Odbudowa zachodnioniemieckiej gospodarki po II wojnie światowej była jednym z najciekawszych i najważniejszych wydarzeń w najnowszej historii gospodarczej. Za ojca niemieckiego „cudu” ekonomicznego został uznany Ludwig Erhard. Jego działania, które podejmował najpierw jako dyrektor Rady Gospodarczej Bizonii, następnie będąc ministrem gospodarki w rządzie Konrada Adenauera, a w latach 1963-1966 kanclerzem RFN, zostały oparte na programie doktryny społeczno-politycznej ordoliberalizmu. Jakkolwiek ordoliberalne idee mogą być dzisiaj uważane za nieco zapomniane, sposób ich implementacji przez Erharda jest przykładem na ich skuteczność. Na drogę powojennych, wyniszczonych Niemiec do stabilizacji gospodarczej, a następnie okresu prosperity, składały się w większości przemyślane, a zarazem śmiałe reformy przeprowadzane przez ekipy pierwszych zachodnioniemieckich kanclerzy.
Wstęp
Ordoliberalizm, jako jeden z nurtów szeroko pojętego liberalizmu, reprezentowany był m.in. przez Wilhelma Röpke, Waltera Euckena czy Alexandra Rüstowa. Teoretycy ordoliberalni, opowiadając się za wolnością gospodarczą, zdecydowanie potępiali ideę centralnego planowania. W odróżnieniu od założeń klasycznego liberalizmu (który podkreślał przede wszystkim znaczenie wolnej jednostki), kładli nacisk także na wspólnotę, w której owa jednostka działa. Podkreślali znaczenie tradycyjnych wartości, konserwatyzmu obyczajowego, poszanowania własności prywatnej i wolności (zdecydowanie odróżnianej od samowoli). Ordoliberałowie, mając na uwadze zarówno Wielki Kryzys z 1929 roku, jak i fatalne skutki rewolucji komunistycznych, podkreślali ważną rolę struktur państwowych, które miały przyczynić się do kształtowania ładu (łac. ordo – porządek, ład). Myśliciele wymienieni wcześniej, inaczej niż przedstawiciele „czystego” (tj. klasycznego) liberalizmu, tacy jak Ludwig von Mises lub Friedrich von Hayek, uznali, że silne państwo wraz ze swoimi instytucjami powinno mieć swój udział w kształtowaniu ładu rynkowego. Ordoliberalizm stanowił więc osobną, jednolitą i spójną koncepcję prowadzenia polityki gospodarczej, którą z powodzeniem realizował Ludwig Erhard.

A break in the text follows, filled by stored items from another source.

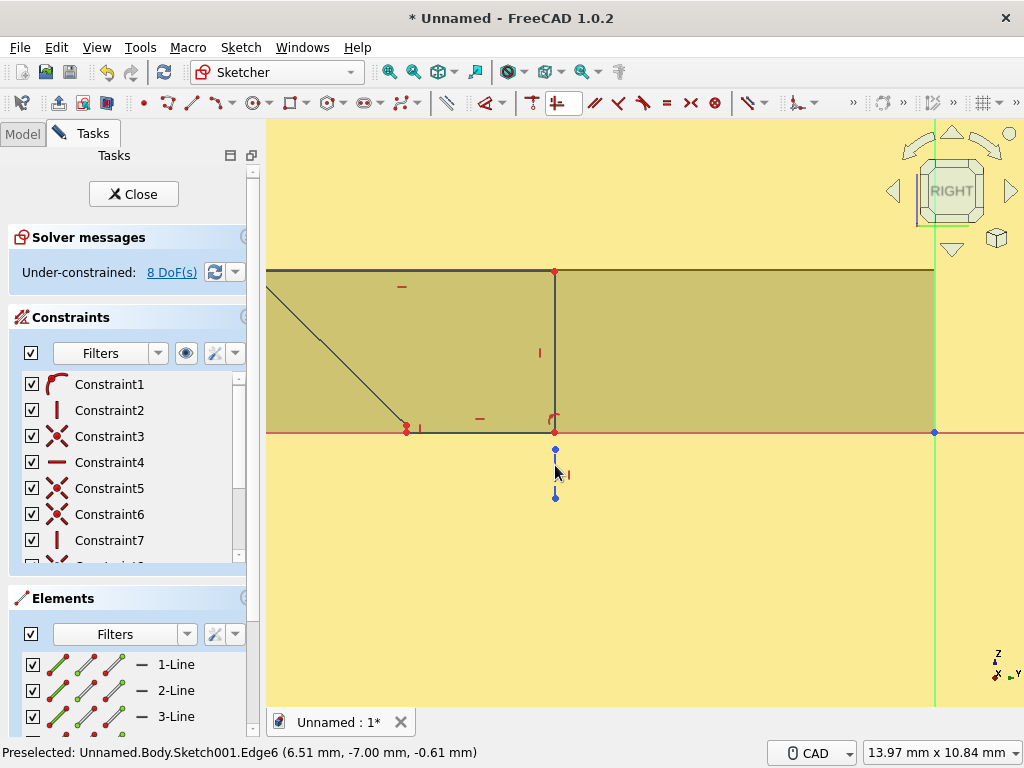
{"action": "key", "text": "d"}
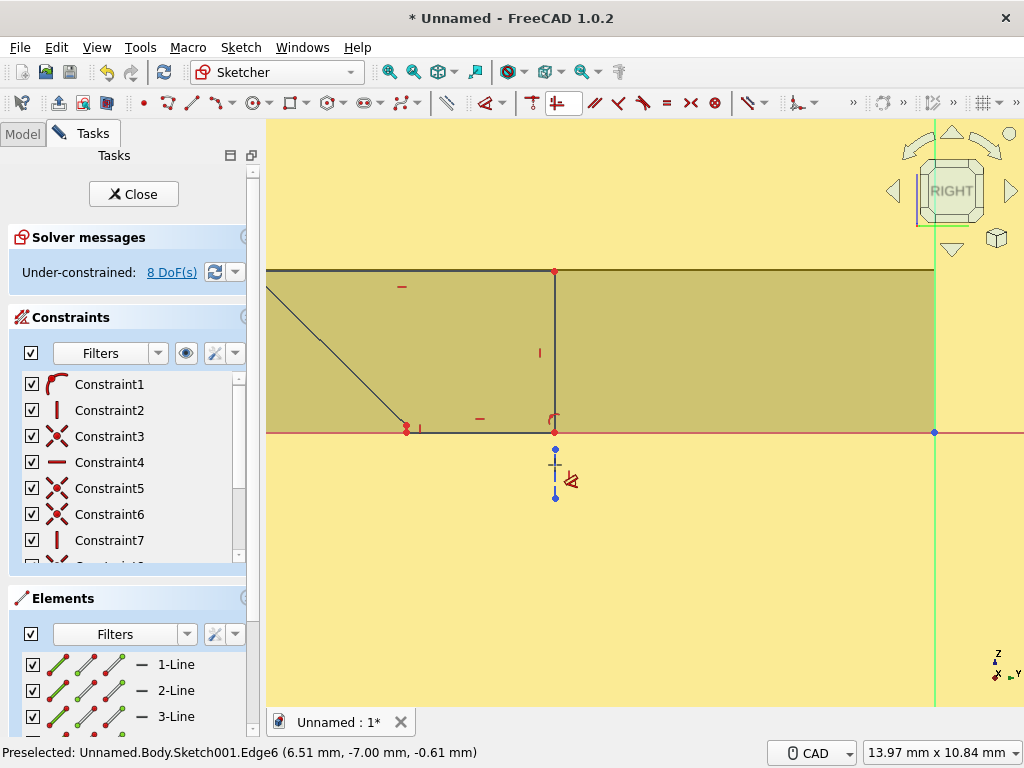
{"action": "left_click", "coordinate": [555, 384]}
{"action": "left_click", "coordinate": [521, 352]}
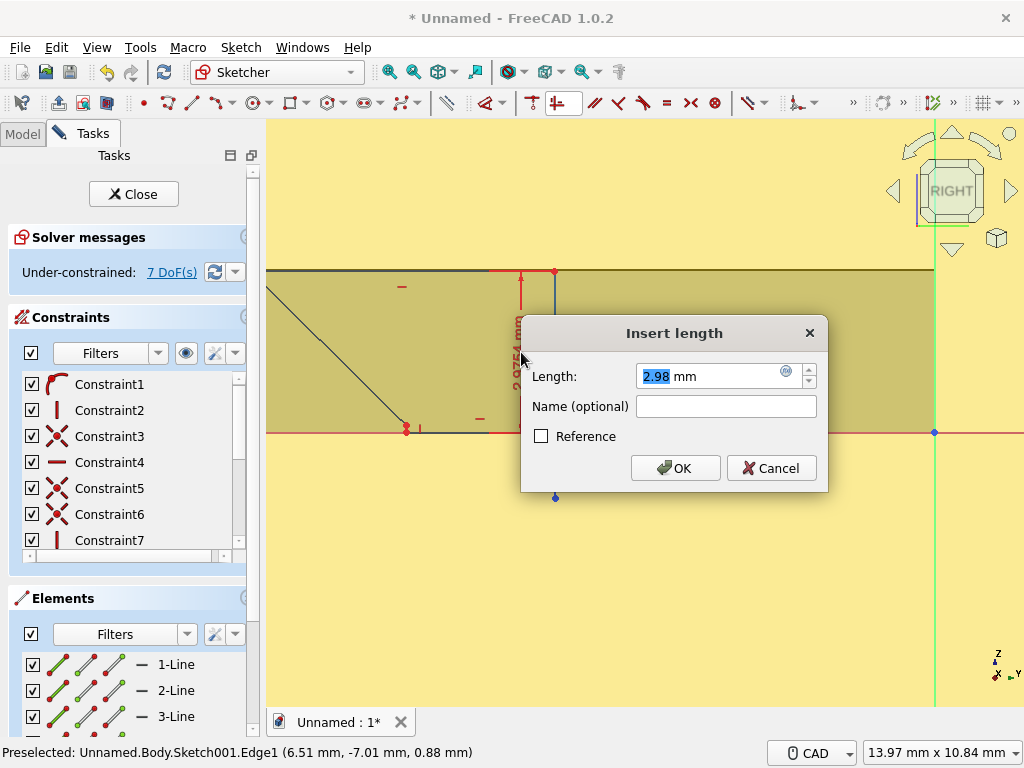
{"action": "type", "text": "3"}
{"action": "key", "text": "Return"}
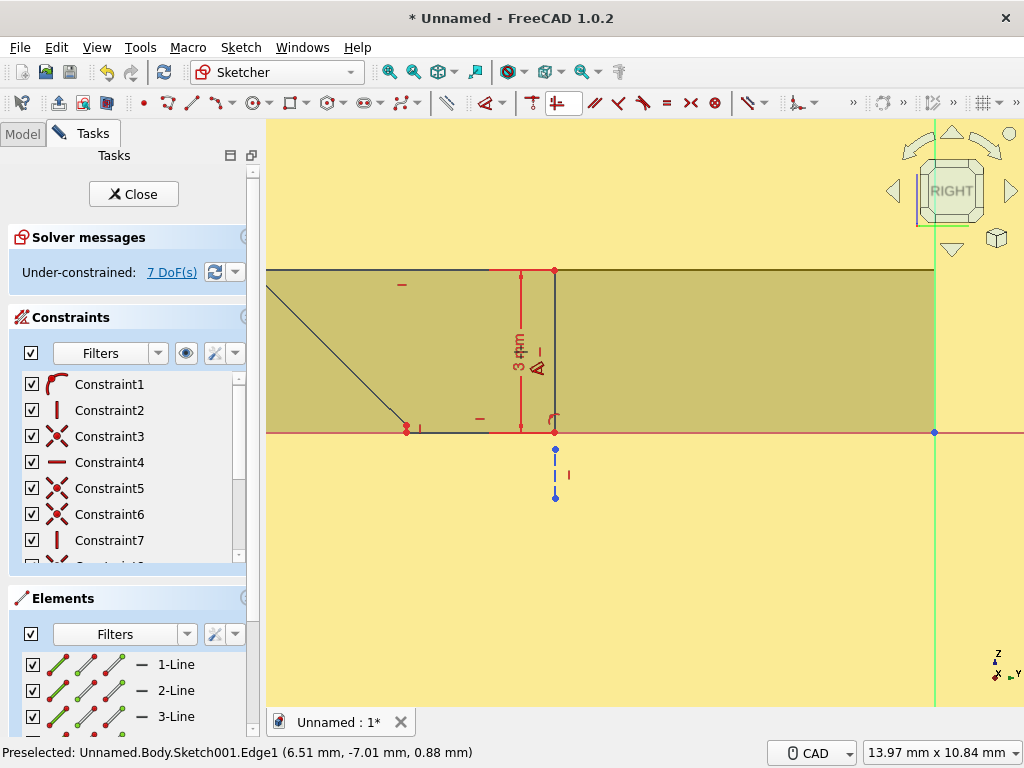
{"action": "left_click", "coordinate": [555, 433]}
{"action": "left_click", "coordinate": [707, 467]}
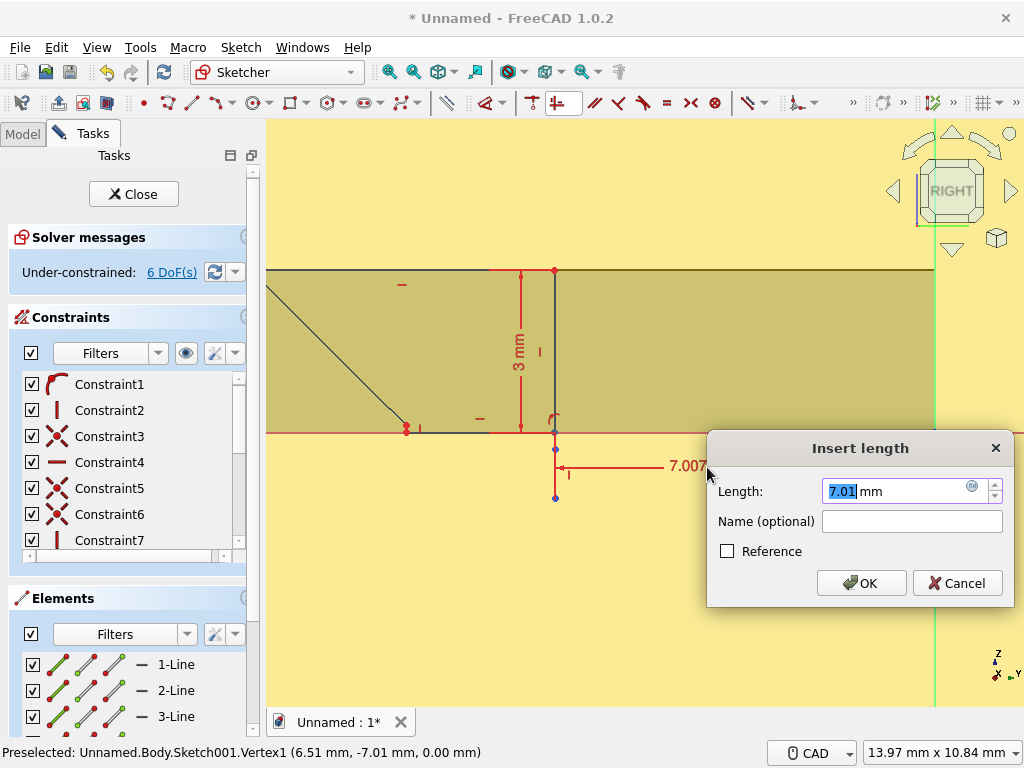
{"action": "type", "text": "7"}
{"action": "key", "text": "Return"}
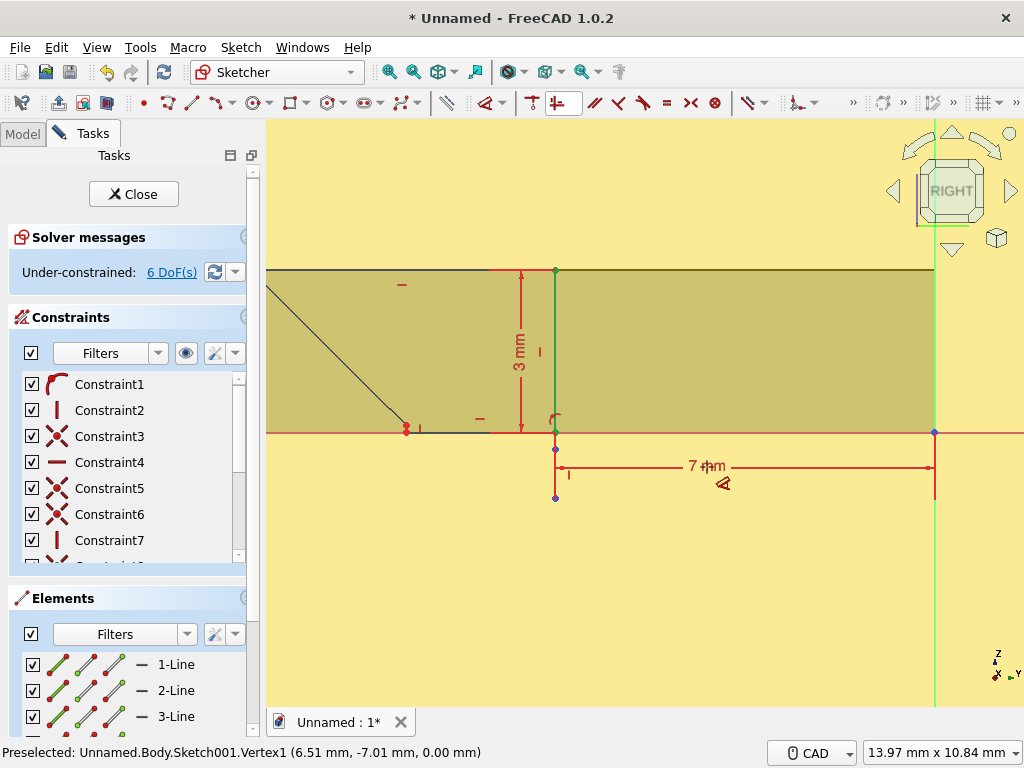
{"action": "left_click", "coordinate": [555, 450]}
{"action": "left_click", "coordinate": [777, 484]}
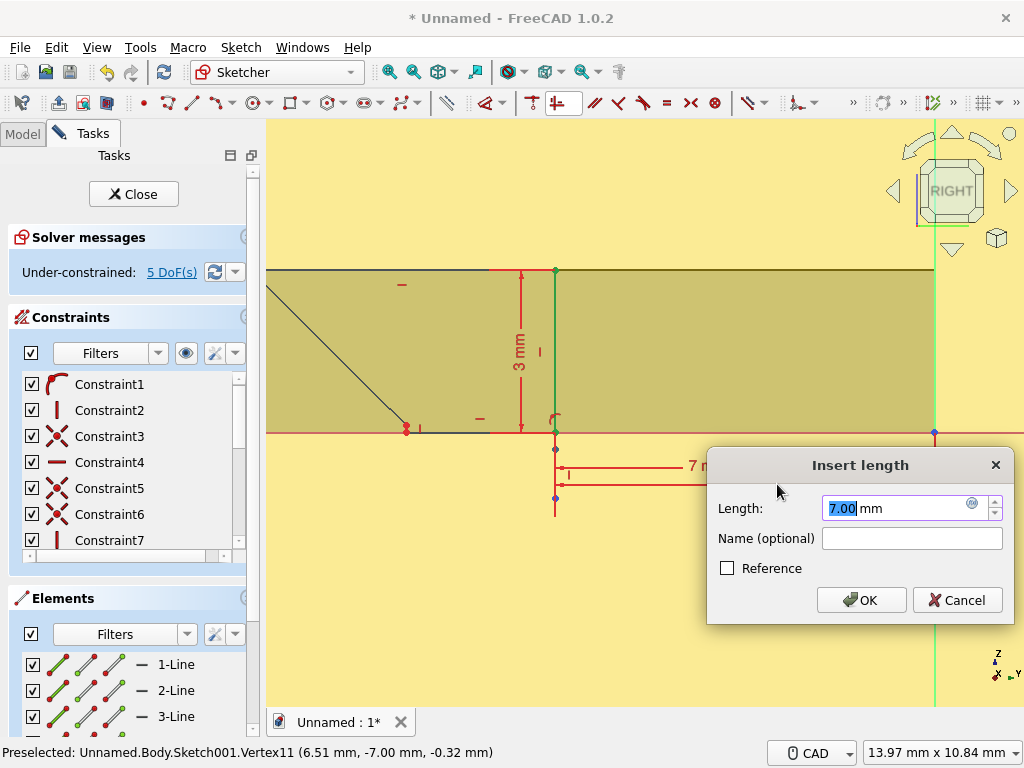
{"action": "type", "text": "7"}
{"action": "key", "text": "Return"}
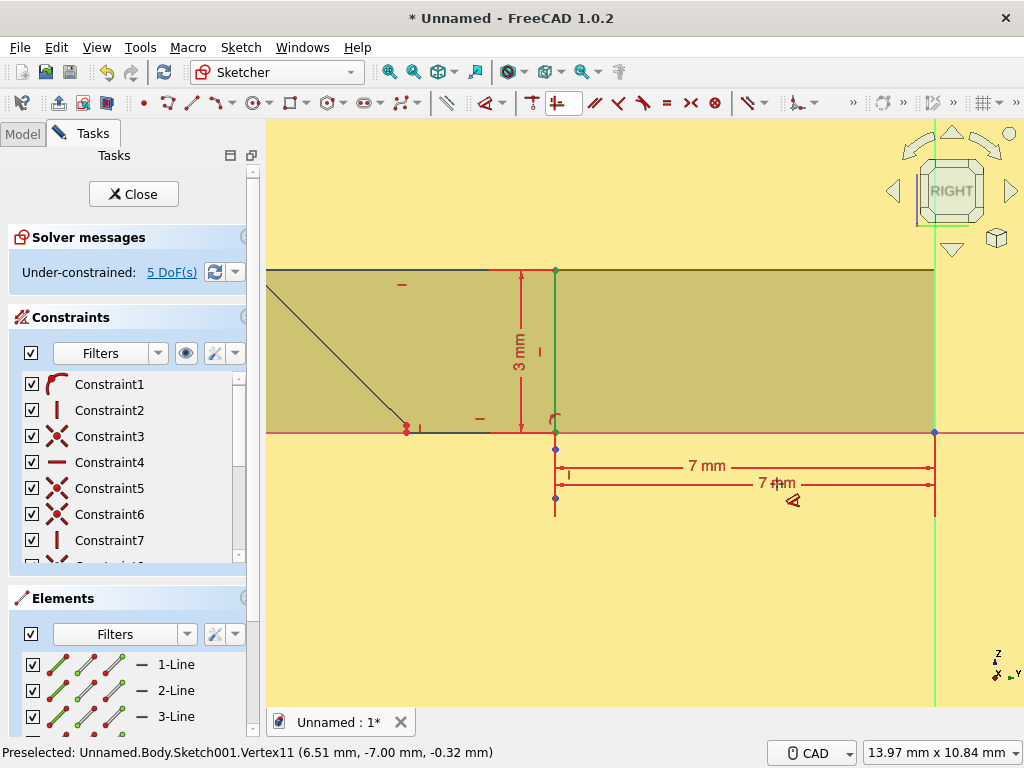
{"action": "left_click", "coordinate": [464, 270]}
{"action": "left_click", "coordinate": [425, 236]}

Sytuacja społeczno-gospodarcza Niemiec po zakończeniu II wojny światowej była fatalna. W pierwszych latach po wojnie ciągle prowadzono politykę centralnie planowaną – reglamentowano produkcję, ustalano ceny urzędowe. We władaniu administracyjnym znajdowała się większość czynników produkcji (których było zdecydowanie za mało, a na skutek demontaży zachodnioniemieckich przedsiębiorstw przemysłowych przez aliantów ich liczba zmniejszyła się jeszcze o 697[1]). Ogromnym zniszczeniom uległ szczególnie przemysł lekki oraz budownictwo mieszkalne. Sparaliżowany był transport, przemysł energetyczny i surowcowy. Jerzy Krasuski podaje, że na terenie całych Niemiec straty w przemyśle kopalnianym i stalowym wyniosły 10%, w przemyśle maszynowym od 15% do 20%, a w przemyśle włókienniczym 20%. Całkowite zniszczenia maszyn przemysłowych jednego z najważniejszym celów bombardowań, Zagłębia Ruhry, wyniosły 30%[2]. Oficjalnie bezrobocie utrzymywało się na stosunkowo niskim poziomie (w 1946 roku stopa procentowa bezrobocia wynosiła 5,2%, w 1948 roku tylko 2,5%); sytuacja ta była jednak fikcją ze względu na to, że tylko osoby zatrudnione mogły dostać kartki na żywność. Szacuje się, że około 30% zatrudnionych stanowiło fikcyjną, co najwyżej deklarowaną, siłę roboczą[3]. Historycy i ekonomiści badający ówczesną sytuację społeczno-gospodarczą Niemiec zgodnie podkreślają, że pozycja mieszkańców była niemal katastrofalna, a nastroje w społeczeństwie wręcz beznadziejne. Panował głód, wiele osób pozbawionych było dachu nad głową, spora część obywateli przebywała w niewoli lub odbywała kary za popełnione zbrodnie wojenne. W 1945 roku w amerykańskiej strefie okupacyjnej na jednego człowieka przypadało średnio 940 kalorii dziennie[4]. Na tereny Niemiec przybywało wielu przesiedleńców ze wschodu. Recesję pogłębiała katastrofalna sytuacja monetarna – miała miejsce wysoka, a w pewnym momencie galopująca, inflacja. Niemiecka gospodarka wciąż jednak posiadała potencjał, którego dobre wykorzystanie zależało od właściwych działań odgórnych. Nie mogła zacząć funkcjonować „oddolnie” ze względu na powojenną apatię społeczeństwa oraz niestabilność polityczną i ustrojową.